I'm also interested in know where you changed the code to put UI in your language ;)

A_se_tordre1.txt

Jan 22 '16 11:01 samalkah

@samalkah I will create a french database file tonight and send you. It looks like you don't have any special characters that are not in the portuguese keyboard, so everything should run out of the box.

@H1ghty I'm not so sure the same process will work for polish, as the characters' range is way too diferent, but let's give it a try. If it doesn't work, we might need to talk over skype and try to find a way around this, as I can't change my Windows' locale to Polish.

Now about translating the UI, here is what needs to be done:

I will add ".resx" and ".xml" files according to your languages to the solution
You will translate them (I will talk about specifics later)
You will send me the translated files (either by doing a Pull Request or sending attached files)
I will include those files in the build process and notify you
You get the last version of the project and test it

Please note that the translation won't work until step 5 is complete.

After everything is complete, you might find a need to build a custom keyboard for your language, as I'm doing right now for portuguese. I can't talk much about it right now because I didn't finished it yet, but I've already done some progress with the ACAT App QWERTY keyboard (see screenshot below).

Jan 23 '16 02:01 brlima94

@brlima94 Are you a developer of ACAT ? Or just a good contributor ? Anyway, thank you for what you are doing. I'm probably going to install ACAT for a person who's suffering of Amyotrophic Lateral Sclerosis, and your help is really appreciated. I wish I was able to it by myself but these are beyond my developing skills I guess. But I'm still interested in knowing what you will do exactly with these xml and resx files to inject them in the program.

Jan 23 '16 10:01 samalkah

@samalkah I'm just a contributor. Could you please take a look at this version and see if the word prediction is working for you? You just need to extract the file and open "AcatApp.exe" or "AcatTalk.exe".

@H1ghty I need you to download 2 files:

The compiled project with some adjustments
A RAR file containing two database files (for each text file you provided): v1 is for ANSI, v2 is for UTF8-BOM

Extract the project and replace "Debug\Users\ACAT\WordPredictors\Presage\database.db" with one of the database files.
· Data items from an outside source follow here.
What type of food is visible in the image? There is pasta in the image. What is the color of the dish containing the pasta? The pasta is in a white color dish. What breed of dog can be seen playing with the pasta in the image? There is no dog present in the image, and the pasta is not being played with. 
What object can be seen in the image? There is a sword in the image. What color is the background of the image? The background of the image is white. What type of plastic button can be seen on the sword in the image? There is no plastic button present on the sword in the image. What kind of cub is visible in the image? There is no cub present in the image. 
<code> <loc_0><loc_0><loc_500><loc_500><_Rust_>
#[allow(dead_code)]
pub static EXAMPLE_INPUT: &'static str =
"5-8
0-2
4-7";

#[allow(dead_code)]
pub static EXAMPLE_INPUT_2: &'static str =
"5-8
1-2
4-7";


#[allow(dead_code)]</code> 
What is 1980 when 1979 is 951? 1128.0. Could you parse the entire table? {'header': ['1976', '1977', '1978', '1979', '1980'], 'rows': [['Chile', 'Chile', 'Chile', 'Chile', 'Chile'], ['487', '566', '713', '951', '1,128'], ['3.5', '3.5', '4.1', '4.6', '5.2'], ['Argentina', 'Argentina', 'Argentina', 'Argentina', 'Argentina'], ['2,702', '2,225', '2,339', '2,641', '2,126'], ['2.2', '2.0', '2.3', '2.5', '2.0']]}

Please let me know which one of those worked for you.

Jan 24 '16 01:01 brlima94

@brlima94 Thanks, will try that and come back to you. For now got a problem with "Fatal error. Error setting word prediction engine to [Presage Word Predictor]" , so first I need to deal with it .

Jan 24 '16 09:01 ghost

@brlima94 It doesn't work. I can't launch ACAT with what you gave me. No error but nothing happens, just the Windows blue circle.

Jan 24 '16 21:01 samalkah

@samalkah and @H1ghty please use this version instead, I've made some ajustments, so the first time you open it the default language will be set.

If you can't run the app, try setting compatibility mode to Windows 7 and run as administrator. If it still doesn't work, install Presage and ACAT, and make sure it runs without throwing any exceptions. Before opening this app, make sure to close ACAT and Presage (you may need to use Task Manager to do so), otherwise the custom word prediction won't work.
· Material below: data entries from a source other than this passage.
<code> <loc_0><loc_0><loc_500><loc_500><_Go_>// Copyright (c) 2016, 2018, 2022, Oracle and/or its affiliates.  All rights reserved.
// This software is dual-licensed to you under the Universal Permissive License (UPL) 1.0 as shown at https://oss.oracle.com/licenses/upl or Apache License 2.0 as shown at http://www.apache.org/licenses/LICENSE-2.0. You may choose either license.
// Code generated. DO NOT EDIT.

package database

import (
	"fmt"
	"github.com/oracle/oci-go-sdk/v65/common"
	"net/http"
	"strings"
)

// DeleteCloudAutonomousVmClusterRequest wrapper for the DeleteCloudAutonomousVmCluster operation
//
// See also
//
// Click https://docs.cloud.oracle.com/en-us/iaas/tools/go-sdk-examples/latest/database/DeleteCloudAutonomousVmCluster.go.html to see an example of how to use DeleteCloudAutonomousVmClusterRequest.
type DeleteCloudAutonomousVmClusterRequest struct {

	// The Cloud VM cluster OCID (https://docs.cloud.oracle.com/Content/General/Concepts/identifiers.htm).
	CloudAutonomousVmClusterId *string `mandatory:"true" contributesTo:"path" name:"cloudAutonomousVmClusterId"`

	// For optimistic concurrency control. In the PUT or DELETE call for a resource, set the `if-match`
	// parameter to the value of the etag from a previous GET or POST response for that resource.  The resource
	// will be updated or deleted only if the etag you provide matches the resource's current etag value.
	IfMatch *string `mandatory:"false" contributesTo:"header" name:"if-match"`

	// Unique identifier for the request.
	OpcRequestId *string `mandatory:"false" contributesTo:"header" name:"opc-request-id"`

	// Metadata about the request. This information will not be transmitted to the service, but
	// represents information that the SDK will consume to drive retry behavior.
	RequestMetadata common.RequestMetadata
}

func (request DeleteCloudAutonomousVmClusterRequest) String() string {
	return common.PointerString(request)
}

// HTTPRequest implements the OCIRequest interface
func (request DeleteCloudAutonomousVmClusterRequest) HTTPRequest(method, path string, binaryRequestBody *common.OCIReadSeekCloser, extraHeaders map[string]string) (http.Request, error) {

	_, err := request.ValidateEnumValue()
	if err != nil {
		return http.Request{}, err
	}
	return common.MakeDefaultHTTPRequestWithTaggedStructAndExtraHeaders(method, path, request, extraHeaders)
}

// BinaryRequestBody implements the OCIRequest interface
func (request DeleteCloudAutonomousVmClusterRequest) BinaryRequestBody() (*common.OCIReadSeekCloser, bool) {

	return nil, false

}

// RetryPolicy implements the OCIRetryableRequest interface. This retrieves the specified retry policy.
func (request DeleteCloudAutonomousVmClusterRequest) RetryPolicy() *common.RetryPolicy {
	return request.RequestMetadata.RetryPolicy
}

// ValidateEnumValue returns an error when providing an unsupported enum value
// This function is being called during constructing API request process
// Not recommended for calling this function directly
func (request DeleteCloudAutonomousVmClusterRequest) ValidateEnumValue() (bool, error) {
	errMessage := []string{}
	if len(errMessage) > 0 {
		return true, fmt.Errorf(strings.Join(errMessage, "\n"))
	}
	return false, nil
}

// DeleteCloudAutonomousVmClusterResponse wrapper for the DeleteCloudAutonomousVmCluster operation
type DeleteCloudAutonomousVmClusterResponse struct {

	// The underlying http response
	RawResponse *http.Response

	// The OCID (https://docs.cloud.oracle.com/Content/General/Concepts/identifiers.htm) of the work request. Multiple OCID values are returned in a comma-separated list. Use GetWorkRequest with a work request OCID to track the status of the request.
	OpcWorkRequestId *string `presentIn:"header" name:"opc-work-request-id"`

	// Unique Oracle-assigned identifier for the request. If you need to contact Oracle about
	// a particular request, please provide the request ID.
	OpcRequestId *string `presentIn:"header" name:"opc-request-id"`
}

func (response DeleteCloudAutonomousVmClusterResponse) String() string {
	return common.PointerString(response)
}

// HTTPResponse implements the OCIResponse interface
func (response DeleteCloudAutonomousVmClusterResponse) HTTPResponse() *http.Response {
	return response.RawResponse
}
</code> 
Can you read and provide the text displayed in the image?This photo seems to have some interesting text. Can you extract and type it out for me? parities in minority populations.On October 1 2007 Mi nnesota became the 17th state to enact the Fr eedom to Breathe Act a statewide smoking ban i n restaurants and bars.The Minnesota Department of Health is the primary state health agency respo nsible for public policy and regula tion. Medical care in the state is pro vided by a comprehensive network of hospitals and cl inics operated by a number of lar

@H1ghty when following the instructions from my previous post, delete "Debug\Users" folder and put the database inside "Debug\Install\Users\ACAT\WordPredictors\Presage\database.db" before launching the app.
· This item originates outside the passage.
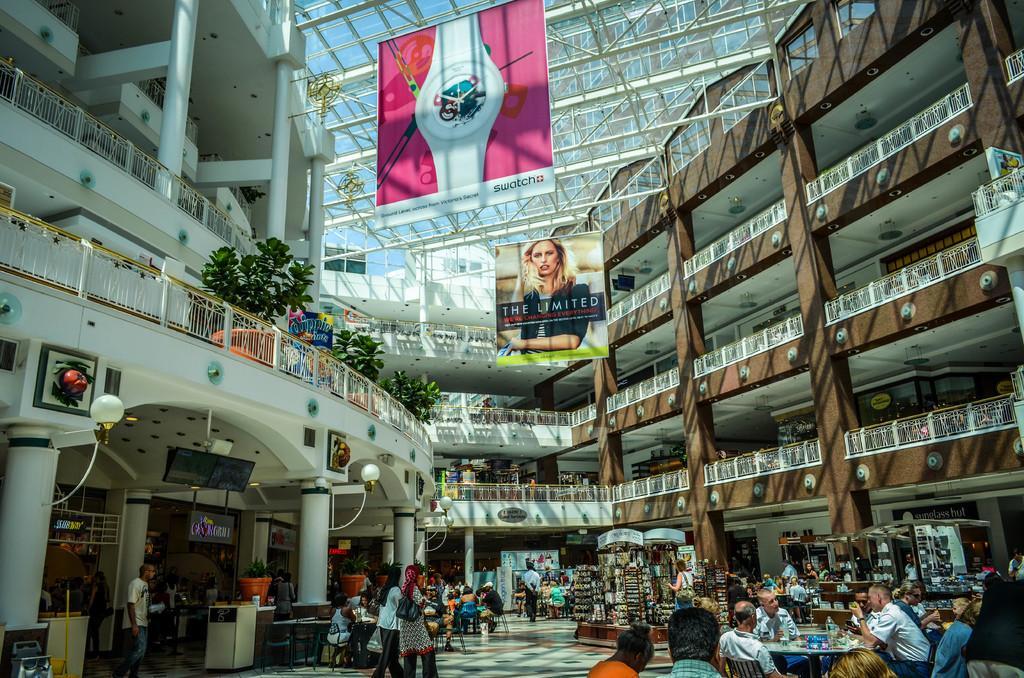In one or two sentences, can you explain what this image depicts? Here I can see a building. At the bottom of the image I can see few people are sitting on the chairs and few people are walking on the floor. There are many stalls. It is looking like a mall. Here I can see few pillars also. On the top I can see two banners which are hanging to a metal rod. On the top of the building I can see few plants which are placed beside the railing.

The language will be selected based on Windows' current language (e.g.: the same language used by Windows Explorer, Notepad, Windows Media Player, etc.). If you use Windows in english and want to test with french word prediction, you will first need to change your windows locale, delete "Debug\Users" folder and restart your computer before getting things to work.

For now, these are the languages supported for word prediction:

English
Portuguese
Spanish
Italian
French

To use word prediction in another language (e.g.: Polish, German, etc.), just replace "Debug\Install\Users\ACAT\WordPredictors\Presage\database.db" with your custom database.

Here's a screenshot after changing my Windows' locale to French: acat app qwerty fr

Jan 25 '16 03:01 brlima94

@brlima94 That looks great but it didn't work ^^. I can't open the program even after closing every presage and ACAT process. When I launch your program 3 ACAT process appears but nothing else happen and I can't see a presage process.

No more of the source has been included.